A proxy can be specified by setting the Java properties: <scheme>.proxyHost and <scheme>.proxyPort where <scheme> is the client scheme used (normally 'http' or 'https'). Additionally, per-request proxies can be specified with the proxy-host and proxy-port options:

(client/get "http://foo.com" {:proxy-host "127.0.0.1" :proxy-port 8118})

Keystores and Trust-stores

When sending a request, you can specify your own keystore/trust-store to be used:

(client/get "https://example.com" {:keystore "/path/to/keystore.ks"
                                   :keystore-type "jks" ; default: jks
                                   :keystore-pass "secretpass"
                                   :trust-store "/path/to/trust-store.ks"
                                   :trust-store-type "jks" ; default jks
                                   :trust-store-pass "trustpass"})

Cookie stores

clj-http can simplify the maintenance of cookies across requests if it is provided with a cookie store.

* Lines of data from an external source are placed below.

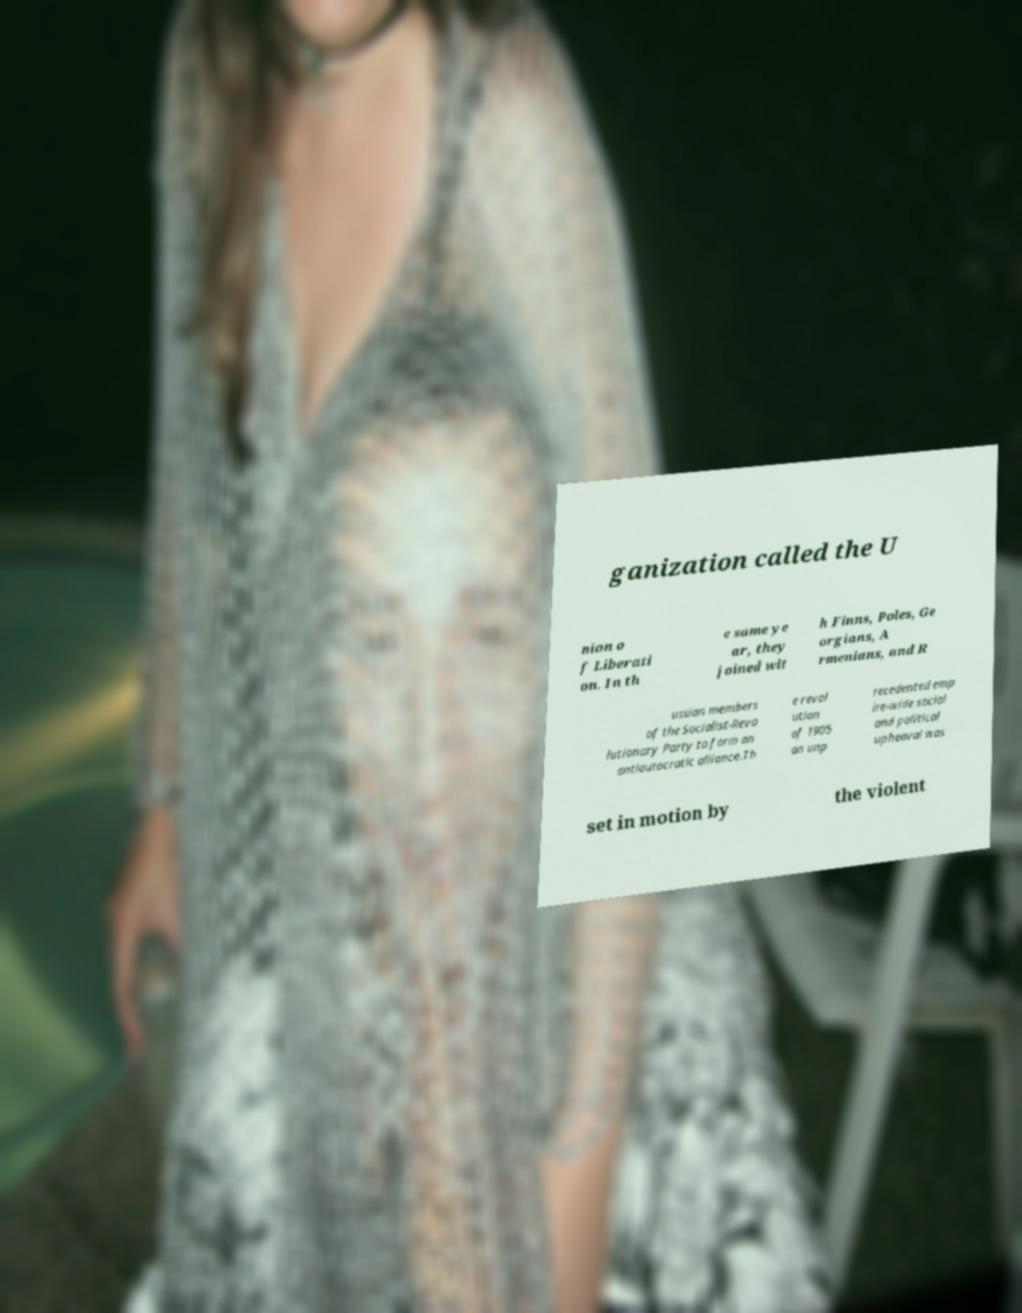Could you assist in decoding the text presented in this image and type it out clearly? ganization called the U nion o f Liberati on. In th e same ye ar, they joined wit h Finns, Poles, Ge orgians, A rmenians, and R ussian members of the Socialist-Revo lutionary Party to form an antiautocratic alliance.Th e revol ution of 1905 an unp recedented emp ire-wide social and political upheaval was set in motion by the violent 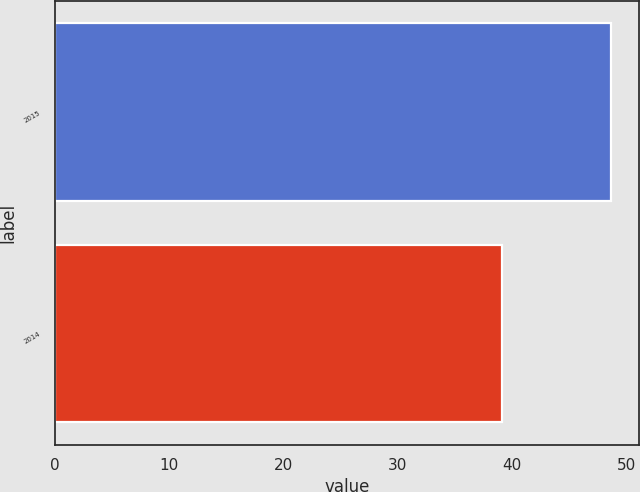Convert chart to OTSL. <chart><loc_0><loc_0><loc_500><loc_500><bar_chart><fcel>2015<fcel>2014<nl><fcel>48.66<fcel>39.11<nl></chart> 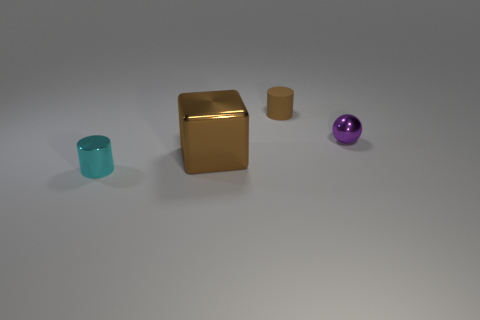Add 2 small brown things. How many objects exist? 6 Subtract all balls. How many objects are left? 3 Add 2 small cyan metallic objects. How many small cyan metallic objects are left? 3 Add 2 tiny cyan metal objects. How many tiny cyan metal objects exist? 3 Subtract 1 brown cubes. How many objects are left? 3 Subtract all big cubes. Subtract all tiny cyan things. How many objects are left? 2

(binding [clj-http.core/*cookie-store* (clj-http.cookies/cookie-store)]
  (client/post "http://site.com/login" {:form-params {:username "..."
                                                      :password "..."}})
  (client/get "http://site.com/secured-page")
  ...)

(The clj-http.cookies/cookie-store function returns a new empty instance of a default implementation of org.apache.http.client.CookieStore.)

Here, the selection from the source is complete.